No doubt, some people may find this website offensive or perverted since it encourages gluttony and decadence. If so, I suggest you move on. But if you happen to be a big fat lazy glutton like me, and are not concerned about the risks involved in building upper body fat, then I welcome you to my website!
I may be gay, but I'm not an effeminate wussy! REAL MEN are not afraid of carrying most of their fat up front above the belt, and also hanging down below the belt! REAL MEN are not embarrassed about walking around in public with their pants falling halfway down on their butts, showing off their butt cracks, or being unable to pull their shirts down over their bellybuttons! Also REAL MEN don't mind going bald on top of their heads!

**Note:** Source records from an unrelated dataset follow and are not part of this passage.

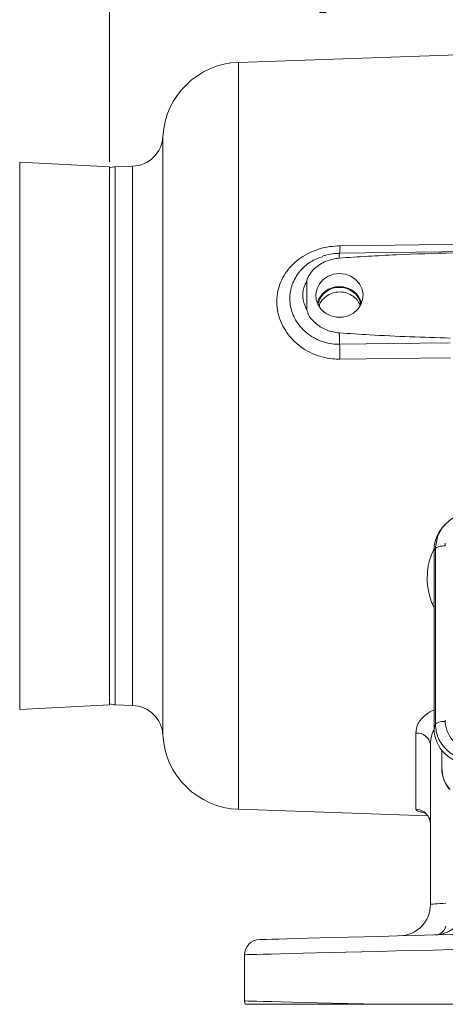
# Model space of a CAD drawing. Header units: inches. Extents: x 0.3 to 33.9, y 0.2 to 21.6.
# Tile 9 of 25: x 17.7 to 21, y 6 to 13.7. Entities that reach past the tile are written whole.
import ezdxf

# ---------------------------------------------------------------- set-up
doc = ezdxf.new("R2010")
doc.units = ezdxf.units.IN
doc.header["$MEASUREMENT"] = 0
doc.layers.add('SLD-0', color=7, linetype='Continuous', lineweight=15)
doc.styles.add('SLDTEXTSTYLE0', font='TXT', dxfattribs={"width": 0.75})
doc.dimstyles.new('SLDDIMSTYLE0', dxfattribs={"dimtxt": 0.25, "dimasz": 0.13, "dimexe": 0, "dimexo": 0.0625, "dimgap": 0.0625, "dimtad": 0, "dimtih": 1, "dimtoh": 1, "dimrnd": 1e-09, "dimzin": 12, "dimdsep": 46, "dimtxsty": 'SLDTEXTSTYLE0', "dimsah": 1, "dimcen": 0.09, "dimadec": 0, "dimazin": 3, "dimtfac": 1, "dimtofl": 0, "dimtmove": 0, "dimatfit": 3, "dimfxl": 1, "dimfrac": 2, "dimtolj": 1, "dimtzin": 12, "dimarcsym": 0})

# ---------------------------------------------------------------- blocks, each defined once
blk = doc.blocks.new('_D_6')
at = {"layer": 'SLD-0'}
for p, q in [((16.4125, 12.2873), (16.4125, 15.501)), ((16.4125, 15.376), (18.973, 15.376)), ((19.1126, 15.4128), (19.0618, 15.4128)), ((19.0618, 15.4128), (19.0618, 15.016)), ((20.2555, 15.4128), (20.3063, 15.4128)), ((20.3063, 15.4128), (20.3063, 15.016)), ((22.9555, 15.376), (20.3951, 15.376)), ((19.0618, 15.016), (19.1126, 15.016)), ((20.3063, 15.016), (20.2555, 15.016))]:
    blk.add_line(p, q, dxfattribs=at)
for points in [[(16.4125, 15.376), (16.5425, 15.356), (16.5425, 15.396)], [(22.9555, 15.376), (22.8255, 15.396), (22.8255, 15.356)]]:
    blk.add_solid(points, dxfattribs=at)
at = {"layer": 'SLD-0', "char_height": 0.25, "attachment_point": 1, "style": 'SLDTEXTSTYLE0'}
for s, insert in [('6.54', (19.2592, 15.7859, -1.544)), ('166.19', (19.1761, 15.3382, -1.544))]:
    blk.add_mtext(s, dxfattribs=dict(at, insert=insert))
blk = doc.blocks.new('_D_8')
at = {"layer": 'SLD-0'}
for p, q in [((18.3875, 12.6207), (18.3875, 14.2865)), ((20.1001, 14.1983), (20.0493, 14.1983)), ((20.0493, 14.1983), (20.0493, 13.8014)), ((21.243, 14.1983), (21.2938, 14.1983)), ((21.2938, 14.1983), (21.2938, 13.8014)), ((18.3875, 14.1615), (19.9605, 14.1615)), ((22.9555, 14.1615), (21.3826, 14.1615)), ((20.0493, 13.8014), (20.1001, 13.8014)), ((21.2938, 13.8014), (21.243, 13.8014))]:
    blk.add_line(p, q, dxfattribs=at)
for points in [[(18.3875, 14.1615), (18.5175, 14.1415), (18.5175, 14.1815)], [(22.9555, 14.1615), (22.8255, 14.1815), (22.8255, 14.1415)]]:
    blk.add_solid(points, dxfattribs=at)
at = {"layer": 'SLD-0', "char_height": 0.25, "attachment_point": 1, "style": 'SLDTEXTSTYLE0'}
for s, insert in [('4.57', (20.2467, 14.5714, -1.544)), ('116.03', (20.1636, 14.1237, -1.544))]:
    blk.add_mtext(s, dxfattribs=dict(at, insert=insert))

msp = doc.modelspace()

# ---------------------------------------------------------------- linework, layer by layer
at = {"color": 7, "linetype": 'Continuous', "lineweight": 15}
for p, q in [((22.9555, 13.5316), (19.4069, 13.4077)), ((18.3875, 12.581), (17.6763, 12.6183)), ((18.3875, 12.5602), (18.3875, 12.581)), ((18.3875, 8.3221), (18.3875, 12.5602)), ((18.5685, 12.5854), (18.4314, 12.5806)), ((22.0063, 11.9193), (20.2067, 11.8966)), ((19.9487, 11.4458), (19.9487, 11.6793)), ((21.0382, 9.7463), (21.0268, 9.7338)), ((21.0444, 9.7512), (21.0393, 9.7453)), ((21.0425, 9.6008), (21.0425, 9.5865)), ((21.0425, 9.5865), (21.0426, 9.5812)), ((20.9536, 9.5461), (20.9639, 9.5575)), ((20.9536, 9.5461), (20.9536, 8.1368)), ((20.9639, 9.5575), (20.9639, 8.1676)), ((17.6763, 8.2849), (18.3875, 8.3221)), ((18.4314, 8.3226), (18.5685, 8.3178)), ((21.0425, 8.2004), (21.0425, 8.1861)), ((20.9536, 8.1368), (20.9639, 8.1676)), ((20.8097, 7.4962), (20.8097, 8.099)), ((20.9255, 6.7436), (20.9255, 8.0051)), ((21.0155, 7.9548), (21.0155, 7.9623)), ((21.0155, 7.9548), (21.0155, 7.8146)), ((19.4069, 7.4955), (20.9041, 7.4432)), ((19.4555, 5.9785), (19.4555, 6.3447)), ((21.4032, 5.952), (20.5321, 5.952))]:
    msp.add_line(p, q, dxfattribs=at)
at = {"color": 8, "linetype": 'Continuous', "lineweight": 15}
for p, q in [((19.4069, 13.4077), (19.4069, 10.4516)), ((18.8095, 12.8217), (18.8095, 8.0815)), ((17.6763, 12.6183), (17.6763, 12.5971)), ((17.6763, 12.5971), (17.6763, 8.2849)), ((18.4314, 12.5806), (18.4314, 10.4516)), ((18.5685, 10.4516), (18.5685, 12.5854)), ((18.4314, 10.4516), (18.4314, 8.3226)), ((18.5685, 8.3178), (18.5685, 10.4516)), ((19.4069, 10.4516), (19.4069, 7.4955)), ((20.9366, 9.1266), (20.9536, 9.1308)), ((20.9536, 9.0936), (20.9366, 9.1266))]:
    msp.add_line(p, q, dxfattribs=at)
at = {"color": 7, "linetype": 'Continuous', "lineweight": 15, "flags": 128}
for points in [[(20.2097, 11.9558), (20.4496, 11.9589), (21.409, 11.9712), (22.9555, 11.9911)], [(20.2055, 11.7369), (20.1591, 11.7314), (20.1156, 11.7153), (20.0777, 11.6896), (20.0479, 11.6559), (20.028, 11.6164), (20.0192, 11.5735), (20.0221, 11.5299), (20.0366, 11.4883), (20.0617, 11.4514), (20.0958, 11.4215), (20.1368, 11.4005), (20.1821, 11.3896), (20.2289, 11.3896), (20.2743, 11.4005), (20.3153, 11.4215), (20.3494, 11.4514), (20.3745, 11.4883), (20.389, 11.5299), (20.3919, 11.5735), (20.3831, 11.6164), (20.3632, 11.6559), (20.3334, 11.6896), (20.2955, 11.7153), (20.252, 11.7314), (20.2055, 11.7369)], [(21.082, 11.1868), (20.8422, 11.1838), (20.2069, 11.1758)], [(21.0849, 11.0692), (20.8451, 11.0662), (20.2097, 11.0583)], [(20.9255, 6.7436), (20.9278, 6.7438), (20.9346, 6.7443), (20.9457, 6.7452), (20.9606, 6.7464), (20.9788, 6.7478), (20.9997, 6.7495), (21.0224, 6.7512), (21.0462, 6.7531)], [(19.5724, 6.4647), (19.5786, 6.4648), (19.5972, 6.4653), (19.628, 6.4661), (19.6709, 6.4672), (19.7256, 6.4687), (19.7916, 6.4704), (19.8687, 6.4724), (19.9562, 6.4747), (20.0536, 6.4773), (20.1602, 6.48), (20.2753, 6.4831), (20.3983, 6.4863), (20.5281, 6.4897), (20.6641, 6.4932), (20.8053, 6.4969), (20.9508, 6.5008), (21.0996, 6.5046), (21.2507, 6.5086), (21.4032, 6.5126)], [(21.4032, 6.3926), (21.2491, 6.3888), (21.0962, 6.3851), (20.9455, 6.3814), (20.7978, 6.3777), (20.654, 6.3742), (20.5151, 6.3708), (20.3817, 6.3675), (20.2547, 6.3644), (20.1349, 6.3614), (20.0229, 6.3587), (19.9195, 6.3561), (19.8253, 6.3538), (19.7408, 6.3517), (19.6665, 6.3499), (19.6028, 6.3483), (19.5502, 6.347), (19.509, 6.346), (19.4794, 6.3453), (19.4615, 6.3448), (19.4555, 6.3447)], [(19.4555, 5.9785), (19.4616, 5.9783), (19.4798, 5.9779), (19.5099, 5.9772), (19.5519, 5.9761), (19.6054, 5.9748), (19.6702, 5.9732), (19.7457, 5.9714), (19.8317, 5.9692), (19.9275, 5.9669), (20.0326, 5.9643), (20.1463, 5.9615), (20.2679, 5.9585), (20.3968, 5.9553), (20.5321, 5.952)]]:
    msp.add_lwpolyline(points, dxfattribs=at)
at = {"color": 7, "linetype": 'Continuous', "lineweight": 15}
for centre, radius, start, end in [((19.4285, 12.7881), 0.62, 92, 176.88827), ((18.5598, 12.8353), 0.25, 272, 356.88827), ((18.4355, 12.4607), 0.12, 92, 113.57818), ((20.2006, 11.4574), 0.1752, 88.39272, 165.64646), ((20.2006, 11.4583), 0.1681, 88.3112, 169.0104), ((20.2105, 11.4574), 0.1752, 14.35417, 91.60665), ((20.2105, 11.4583), 0.1681, 10.98967, 91.68874), ((22.703, 11.2918), 2.4989, 180.5846, 182.66137), ((17.4508, 11.0497), 2.7589, 0.17816, 2.61955), ((18.4355, 8.4425), 0.12, 246.42182, 268), ((18.5598, 8.0679), 0.25, 3.11173, 88), ((21.2606, 8.1939), 0.2182, 182.06593, 273.29625), ((19.4285, 8.1151), 0.62, 183.11173, 268), ((20.8181, 7.991), 0.1084, 7.49869, 94.43834), ((20.8066, 7.3773), 0.1189, 0.45909, 88.4952), ((20.6755, 6.7436), 0.25, 271.5, 0), ((20.9555, 6.751), 0.25, 271.5, 0), ((19.5755, 6.3447), 0.12, 91.5, 180), ((19.5755, 5.9785), 0.12, 180, 192.75741)]:
    msp.add_arc(centre, radius, start, end, dxfattribs=at)
at = {"color": 8, "linetype": 'Continuous', "lineweight": 15}
for centre, radius, start, end in [((19.8863, 11.9405), 0.3238, 352.15426, 2.71622), ((20.3716, 11.8673), 0.1676, 169.9264, 182.91224)]:
    msp.add_arc(centre, radius, start, end, dxfattribs=at)
at = {"color": 7, "linetype": 'Continuous', "lineweight": 15}
for centre, major_axis, start_param, end_param in [((21.2724, 9.5371), (0.313, -0.0656), 2.642019, 3.333612), ((21.2724, 8.1458), (0.313, 0.0656), 2.949574, 4.490212)]:
    msp.add_ellipse(centre, major_axis=major_axis, ratio=0.927683, start_param=start_param, end_param=end_param, dxfattribs=at)
for points, knots in [([(20.2097, 11.0583), (20.19, 11.0587), (20.1423, 11.0597), (20.0678, 11.074), (19.9889, 11.1018), (19.9163, 11.1422), (19.8521, 11.193), (19.7982, 11.253), (19.7558, 11.3196), (19.7264, 11.3916), (19.7102, 11.4665), (19.7084, 11.5424), (19.7205, 11.6172), (19.747, 11.6884), (19.7862, 11.7543), (19.8375, 11.8127), (19.8989, 11.8626), (19.9688, 11.9027), (20.0453, 11.9322), (20.1264, 11.9513), (20.1819, 11.9543), (20.2097, 11.9558)], [0, 0, 0, 0, 0.038377, 0.09291, 0.147439, 0.201566, 0.255685, 0.308751, 0.361806, 0.414177, 0.466541, 0.519091, 0.571642, 0.624715, 0.677797, 0.731116, 0.784444, 0.838115, 0.891791, 0.945895, 1, 1, 1, 1]), ([(20.2043, 11.8587), (20.1681, 11.8525), (20.0961, 11.8401), (20.013, 11.7856), (19.9694, 11.7315), (19.9517, 11.697), (19.9494, 11.6834), (19.9487, 11.6793)], [0, 0, 0, 0, 0.322606, 0.642639, 0.869131, 0.960935, 1, 1, 1, 1]), ([(20.2067, 11.8954), (20.1925, 11.8952), (20.1562, 11.8947), (20.1114, 11.8869), (20.0825, 11.8762), (20.0743, 11.8732)], [0, 0, 0, 0, 0.314787, 0.806844, 1, 1, 1, 1]), ([(22.3053, 11.923), (22.2253, 11.922), (21.8254, 11.9174), (21.2751, 11.9061), (20.6546, 11.8867), (20.3544, 11.8681), (20.2043, 11.8587)], [0, 0, 0, 0, 0.114153, 0.5707765, 0.7853426, 1, 1, 1, 1]), ([(19.9487, 11.6793), (19.9422, 11.6669), (19.9229, 11.6302), (19.914, 11.5774), (19.9186, 11.5099), (19.9361, 11.4725), (19.9487, 11.4458)], [0, 0, 0, 0, 0.169371, 0.500138, 0.642092, 1, 1, 1, 1]), ([(20.368, 11.4838), (20.3612, 11.4989), (20.3468, 11.5305), (20.3046, 11.566), (20.2515, 11.5881), (20.1928, 11.5924), (20.1354, 11.5789), (20.087, 11.5486), (20.0548, 11.5133), (20.0471, 11.4873), (20.0445, 11.4787)], [0, 0, 0, 0, 0.123653, 0.258367, 0.393563, 0.528756, 0.663589, 0.798199, 0.932889, 1, 1, 1, 1]), ([(19.9487, 11.4458), (19.9505, 11.4385), (19.9573, 11.4098), (19.9945, 11.3594), (20.0616, 11.3048), (20.1388, 11.2744), (20.1877, 11.2684), (20.2043, 11.2663)], [0, 0, 0, 0, 0.070467, 0.277117, 0.56329, 0.852377, 1, 1, 1, 1]), ([(20.2043, 11.2663), (20.2841, 11.2609), (20.5758, 11.2409), (20.8682, 11.232), (21.0805, 11.2255)], [0, 0, 0, 0, 0.273569, 1, 1, 1, 1]), ([(21.179, 9.8322), (21.1667, 9.8287), (21.1335, 9.8192), (21.0844, 9.7907), (21.0536, 9.761), (21.0381, 9.7462)], [0, 0, 0, 0, 0.22701, 0.613882, 1, 1, 1, 1]), ([(21.0426, 9.5812), (21.0333, 9.5809), (21.0147, 9.5802), (20.9903, 9.5749), (20.9716, 9.5672), (20.9665, 9.5607), (20.9639, 9.5575)], [0, 0, 0, 0, 0.25, 0.500002, 0.750001, 1, 1, 1, 1]), ([(20.9639, 8.1676), (20.9665, 8.1709), (20.9716, 8.1773), (20.9903, 8.185), (21.0147, 8.1903), (21.0333, 8.191), (21.0426, 8.1913)], [0, 0, 0, 0, 0.249999, 0.499998, 0.75, 1, 1, 1, 1]), ([(20.9639, 8.1676), (20.9683, 8.1318), (20.975, 8.0765), (21.0138, 8.01), (21.0534, 7.9644), (21.1023, 7.9273), (21.1741, 7.8906), (21.2342, 7.8835), (21.2732, 7.879)], [0, 0, 0, 0, 0.240418, 0.371173, 0.5, 0.62883, 0.759581, 1, 1, 1, 1]), ([(21.0155, 7.8146), (21.0181, 7.7892), (21.0233, 7.7385), (21.0535, 7.6852), (21.0757, 7.6595), (21.0805, 7.6539)], [0, 0, 0, 0, 0.440119, 0.8775, 1, 1, 1, 1]), ([(21.0168, 7.8112), (21.0165, 7.8049), (21.0158, 7.7827), (21.0247, 7.7447), (21.0433, 7.7001), (21.0624, 7.6686), (21.0762, 7.6543), (21.0788, 7.6515)], [0, 0, 0, 0, 0.107755, 0.382777, 0.661478, 0.935602, 1, 1, 1, 1]), ([(20.8696, 7.4729), (20.8694, 7.473), (20.8684, 7.4733), (20.8741, 7.4711), (20.8869, 7.4627), (20.904, 7.446), (20.918, 7.4211), (20.9257, 7.3987), (20.9247, 7.3859), (20.9246, 7.3838)], [0, 0, 0, 0, 0.046765, 0.197687, 0.350567, 0.535055, 0.740368, 0.956813, 1, 1, 1, 1]), ([(21.0482, 6.5698), (21.0398, 6.5529), (21.0309, 6.5347), (21.011, 6.5166), (20.9979, 6.5084), (20.9819, 6.5035), (20.9732, 6.5019), (20.9683, 6.5014), (20.9656, 6.5012), (20.9641, 6.5011), (20.9632, 6.5011), (20.9628, 6.5011), (20.9625, 6.5011), (20.9624, 6.5011), (20.9622, 6.501), (20.9621, 6.501)], [0, 0, 0, 0, 0.42625, 0.457293, 0.712383, 0.842295, 0.912354, 0.951016, 0.972553, 0.984601, 0.991356, 0.995145, 0.996106, 0.996742, 1, 1, 1, 1]), ([(20.5321, 5.952), (20.4622, 5.952), (20.3274, 5.952), (20.1463, 5.952), (19.9852, 5.952), (19.8425, 5.952), (19.7205, 5.952), (19.6199, 5.952), (19.534, 5.952), (19.4715, 5.952), (19.4628, 5.952), (19.4585, 5.952)], [0, 0, 0, 0, 0.110367, 0.212962, 0.315885, 0.418482, 0.52113, 0.624104, 0.726755, 0.863377, 1, 1, 1, 1])]:
    msp.add_open_spline(points, degree=3, knots=knots, dxfattribs=at)
at = {"color": 8, "linetype": 'Continuous', "lineweight": 15}
for points, knots in [([(20.2069, 11.1758), (20.2042, 11.1758), (20.1785, 11.1756), (20.129, 11.1802), (20.0617, 11.1983), (19.9984, 11.2278), (19.9424, 11.2668), (19.8942, 11.3149), (19.8566, 11.3688), (19.8298, 11.4278), (19.8156, 11.4847), (19.8099, 11.5601), (19.8262, 11.6523), (19.8846, 11.7531), (19.9692, 11.8321), (20.0415, 11.8589), (20.0749, 11.8713)], [0, 0, 0, 0, 0.00745, 0.07106, 0.136702, 0.199887, 0.265073, 0.32772, 0.392376, 0.452688, 0.514895, 0.563207, 0.675616, 0.786704, 0.901562, 1, 1, 1, 1]), ([(21.0393, 9.7453), (21.0311, 9.7365), (21.009, 9.7127), (20.9755, 9.651), (20.9685, 9.5943), (20.9639, 9.5575)], [0, 0, 0, 0, 0.173272, 0.464502, 1, 1, 1, 1]), ([(20.9366, 9.1266), (20.926, 9.1595), (20.9045, 9.2264), (20.8969, 9.3271), (20.9061, 9.4231), (20.9258, 9.4995), (20.9481, 9.5432), (20.9562, 9.5589)], [0, 0, 0, 0, 0.2369229, 0.4812236, 0.6799992, 0.8844202, 1, 1, 1, 1]), ([(20.8097, 8.099), (20.8133, 8.1241), (20.8187, 8.1624), (20.8521, 8.211), (20.8765, 8.235), (20.9084, 8.2588), (20.9287, 8.2737), (20.953, 8.2796), (20.9536, 8.2797)], [0, 0, 0, 0, 0.363364, 0.552451, 0.741257, 0.762988, 0.994204, 1, 1, 1, 1]), ([(20.9575, 8.1348), (20.9491, 8.1176), (20.9285, 8.0758), (20.9266, 8.0313), (20.9255, 8.0051)], [0, 0, 0, 0, 0.412308, 1, 1, 1, 1]), ([(20.8689, 7.4708), (20.8598, 7.4723), (20.8322, 7.477), (20.8134, 7.486), (20.8107, 7.4935), (20.8097, 7.4962)], [0, 0, 0, 0, 0.239423, 0.723985, 1, 1, 1, 1])]:
    msp.add_open_spline(points, degree=3, knots=knots, dxfattribs=at)

# ---------------------------------------------------------------- dimensions: what is measured, and where the dimension line sits
at = {"layer": 'SLD-0'}
for base, p2, picture, middle in [((16.4125, 15.376), (16.4125, 12.2373), '_D_6', (19.684, 15.376)), ((18.3875, 14.1615), (18.3875, 12.5707), '_D_8', (20.6715, 14.1615))]:
    dim = msp.add_linear_dim(base=base, p1=(22.9555, 17.4229), p2=p2, dimstyle='SLDDIMSTYLE0', dxfattribs=at)
    dim.commit()
    dim.dimension.update_dxf_attribs({"geometry": picture, "text_midpoint": middle, "dimtype": 160})

doc.saveas('drawing.dxf')

I'm glad I don't have fat thighs and a big butt! To me, it looks too feminine! Of course that's my own opinion. Some guys, and mostly women, gain a most of their weight on their lower bodies, and are probably at a much lower risk of having heart disease, and where you carry your extra fat is probably genetic. Me, I tend to gain most of my fat on my upper body which I feel, makes me look more masculine. Again, I'm aware that I'm at greater risk for heat disease and diabetes, but I'm perfectly willing to face the danger and to live with the consequences. I made my choice, and so I face the danger, like a REAL MAN!
I love being fat! I love the sensation of all that flesh, and the sensation of heaviness on my feet and legs as I carry all that weight around. Obesity really turns me on! I enjoy looking at fat people walking along the street, and I especially enjoy seeing fat people on the beach. It would be a rather dull and uninteresting world if there were no fat people in it, if everybody were thin, or normal, because to me all thin or normal people look pretty much alike. But if there were only fat people in the world, it would be even more interesting. That is because fat people come in a wide variety of different shapes.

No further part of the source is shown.